Bumper Ukrainian, Russian wheat exports expected

21 Aug, 2011

Ukraine and Russia, top wheat exporters in the Black Sea region, are ready to shake the global market with bumper wheat shipments, which could soar to 25-30 million tonnes in 2011/12, analysts said. Ukraine, which exported about 4 million tonnes of wheat in 2010/11, plans to boost exports to 9.7 million in 2011/12.
Russia analysts expect it to export over 20 million tonnes of wheat this season, up from 3.4 million shipped in 2010/11 before the government banned exports from mid-August 2010 to July 1 due to a severe drought. Analysts say favourable weather has helped the two states harvest bumper crops and keep prices at a level that allows them to take over markets in the Middle East and North Africa from European and other competitors.
Ukraine's Farm Ministry said on Friday farms had harvested 34.1 million tonnes of grain bunker weight as of August 18, including 23.1 million of wheat. Wheat was harvested from 99.6 percent of the sown area. The wheat yield averaged 3.47 tonnes per hectare against 2.84 tonnes at the same date in 2010.

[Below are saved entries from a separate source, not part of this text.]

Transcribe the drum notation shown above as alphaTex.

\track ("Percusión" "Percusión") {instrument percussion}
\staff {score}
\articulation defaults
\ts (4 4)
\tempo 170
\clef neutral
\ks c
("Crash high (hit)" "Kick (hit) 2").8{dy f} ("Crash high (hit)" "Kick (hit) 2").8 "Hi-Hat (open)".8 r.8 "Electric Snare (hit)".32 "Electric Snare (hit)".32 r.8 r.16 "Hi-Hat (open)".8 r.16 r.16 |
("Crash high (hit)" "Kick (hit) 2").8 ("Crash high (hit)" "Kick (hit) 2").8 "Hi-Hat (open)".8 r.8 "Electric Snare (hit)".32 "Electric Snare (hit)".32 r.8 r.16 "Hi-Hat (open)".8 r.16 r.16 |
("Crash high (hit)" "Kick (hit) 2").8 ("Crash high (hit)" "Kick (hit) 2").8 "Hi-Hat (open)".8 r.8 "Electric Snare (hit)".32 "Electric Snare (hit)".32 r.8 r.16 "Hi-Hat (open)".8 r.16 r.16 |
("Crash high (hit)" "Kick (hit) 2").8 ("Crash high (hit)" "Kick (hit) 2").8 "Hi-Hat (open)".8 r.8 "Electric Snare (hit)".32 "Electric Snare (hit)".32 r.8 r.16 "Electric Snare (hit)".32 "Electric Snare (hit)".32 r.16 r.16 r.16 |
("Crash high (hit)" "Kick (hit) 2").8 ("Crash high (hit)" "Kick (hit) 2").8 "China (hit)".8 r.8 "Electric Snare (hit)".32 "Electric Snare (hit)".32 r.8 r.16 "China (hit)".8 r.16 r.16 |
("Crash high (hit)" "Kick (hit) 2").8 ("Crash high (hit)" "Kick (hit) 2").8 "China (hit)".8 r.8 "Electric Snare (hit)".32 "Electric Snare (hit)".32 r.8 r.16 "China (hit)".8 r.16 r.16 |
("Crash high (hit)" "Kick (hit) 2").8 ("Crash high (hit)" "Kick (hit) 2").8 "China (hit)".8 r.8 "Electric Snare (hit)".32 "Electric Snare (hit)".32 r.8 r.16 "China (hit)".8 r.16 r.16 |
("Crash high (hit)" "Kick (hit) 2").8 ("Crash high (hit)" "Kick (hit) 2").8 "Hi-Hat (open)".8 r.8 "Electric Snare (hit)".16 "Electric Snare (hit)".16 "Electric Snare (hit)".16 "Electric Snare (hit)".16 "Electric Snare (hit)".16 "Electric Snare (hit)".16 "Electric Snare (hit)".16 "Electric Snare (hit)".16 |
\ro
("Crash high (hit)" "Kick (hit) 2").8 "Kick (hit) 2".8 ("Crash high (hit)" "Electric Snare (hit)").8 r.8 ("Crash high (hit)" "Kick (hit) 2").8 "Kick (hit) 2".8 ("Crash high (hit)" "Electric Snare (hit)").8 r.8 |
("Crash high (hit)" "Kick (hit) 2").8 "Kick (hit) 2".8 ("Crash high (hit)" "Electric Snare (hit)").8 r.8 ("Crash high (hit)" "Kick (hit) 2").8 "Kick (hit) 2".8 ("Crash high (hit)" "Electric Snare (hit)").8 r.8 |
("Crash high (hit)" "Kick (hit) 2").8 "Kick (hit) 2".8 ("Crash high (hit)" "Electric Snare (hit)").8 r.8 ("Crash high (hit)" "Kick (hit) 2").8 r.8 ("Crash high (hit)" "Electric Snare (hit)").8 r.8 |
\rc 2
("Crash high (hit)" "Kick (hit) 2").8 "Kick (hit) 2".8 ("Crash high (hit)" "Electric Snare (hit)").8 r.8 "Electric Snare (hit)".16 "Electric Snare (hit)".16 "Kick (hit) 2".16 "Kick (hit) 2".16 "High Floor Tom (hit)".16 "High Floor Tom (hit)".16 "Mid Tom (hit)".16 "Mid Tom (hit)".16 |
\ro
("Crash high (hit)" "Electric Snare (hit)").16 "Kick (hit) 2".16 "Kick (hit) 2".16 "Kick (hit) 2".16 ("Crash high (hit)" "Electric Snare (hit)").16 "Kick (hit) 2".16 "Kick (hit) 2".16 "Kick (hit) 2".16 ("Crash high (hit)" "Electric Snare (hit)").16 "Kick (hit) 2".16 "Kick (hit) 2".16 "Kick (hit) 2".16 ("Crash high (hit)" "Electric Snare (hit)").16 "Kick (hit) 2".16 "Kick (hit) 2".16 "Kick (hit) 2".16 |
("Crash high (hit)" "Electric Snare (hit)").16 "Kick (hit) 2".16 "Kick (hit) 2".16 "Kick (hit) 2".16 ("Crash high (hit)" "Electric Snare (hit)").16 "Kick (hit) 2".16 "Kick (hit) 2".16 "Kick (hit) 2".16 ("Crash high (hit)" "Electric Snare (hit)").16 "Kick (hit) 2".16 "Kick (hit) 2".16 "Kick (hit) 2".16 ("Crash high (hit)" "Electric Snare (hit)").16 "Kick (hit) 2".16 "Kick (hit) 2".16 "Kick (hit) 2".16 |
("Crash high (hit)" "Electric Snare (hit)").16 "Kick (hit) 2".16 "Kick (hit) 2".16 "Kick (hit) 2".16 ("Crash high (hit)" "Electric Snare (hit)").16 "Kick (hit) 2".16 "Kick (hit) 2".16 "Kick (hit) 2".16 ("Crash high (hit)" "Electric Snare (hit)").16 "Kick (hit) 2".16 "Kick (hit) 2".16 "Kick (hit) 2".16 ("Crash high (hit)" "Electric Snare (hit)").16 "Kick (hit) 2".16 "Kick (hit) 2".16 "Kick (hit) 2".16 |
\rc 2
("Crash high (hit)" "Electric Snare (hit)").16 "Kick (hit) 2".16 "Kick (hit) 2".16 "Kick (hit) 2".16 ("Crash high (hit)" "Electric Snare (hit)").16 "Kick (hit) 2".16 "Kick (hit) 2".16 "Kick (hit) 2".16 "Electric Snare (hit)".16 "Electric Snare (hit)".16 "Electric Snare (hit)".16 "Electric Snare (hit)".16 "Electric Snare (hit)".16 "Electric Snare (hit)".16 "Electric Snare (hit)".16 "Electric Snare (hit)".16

Russia, where the harvest is only about 40 percent complete, reaped 51.4 million tonnes of grain by bunker weight by August 17, including 34.3 million tonnes of wheat. Average grain yields rose to 2.79 tonnes per hectare from 2.10 a year ago. Hydrometcentre weather forecasting service said Russia could increase the grain harvest to more than 90 million tonnes in 2011 from last year's drought-hit crop of 61 million.
Russian think-tank the Institute for Agricultural Market Studies (IKAR) has said it expects the wheat crop this year to be 57 million tonnes, compared with 41.5 million in 2010 and 61.7 million in 2009. The country's Agriculture Ministry has not provided an official wheat crop forecast for 2011 so far. Russian officials say the quality of the crop is not yet clear, while traders have speculated it may be lower than earlier expected due to rains in early summer.
But in the neighbouring Ukraine the Farm Ministry improved its forecast of the quality of wheat. The ministry said the share of milling wheat in the 2011 wheat harvest had reached 70 percent as of August 18 compared with about 60 percent a month earlier.
The ministry gave no explanation for the change in the grain quality. But analysts, weather forecasters and traders have said the share of food wheat was much smaller as poor weather during the harvesting affected the quality. "The aim (of the ministry) is to lower domestic wheat prices, allowing state companies to buy more grain in reserves," said analyst Mykola Vernytsky from ProAgro consultancy.
"It is too early to talk about quality, but the share of milling wheat is unlikely to exceed 50 percent." Robert Brovdi, director of Ukrainian grain trader HlibInvestbud, told Reuters this month that feed wheat would make up 60-65 percent of the total wheat harvest in 2011 compared with 40-45 percent in 2010.
High domestic prices are likely to limit Ukraine's exports, while Russia, having accumulated huge stocks from the last season and now forecasting a bumper crop, dominates the shipments from the region. In July after a nearly year-long export ban had expired, Russia exported 2.6 million tonnes of grain, of which 2.4 million was wheat. Turkey and Egypt were the top buyers.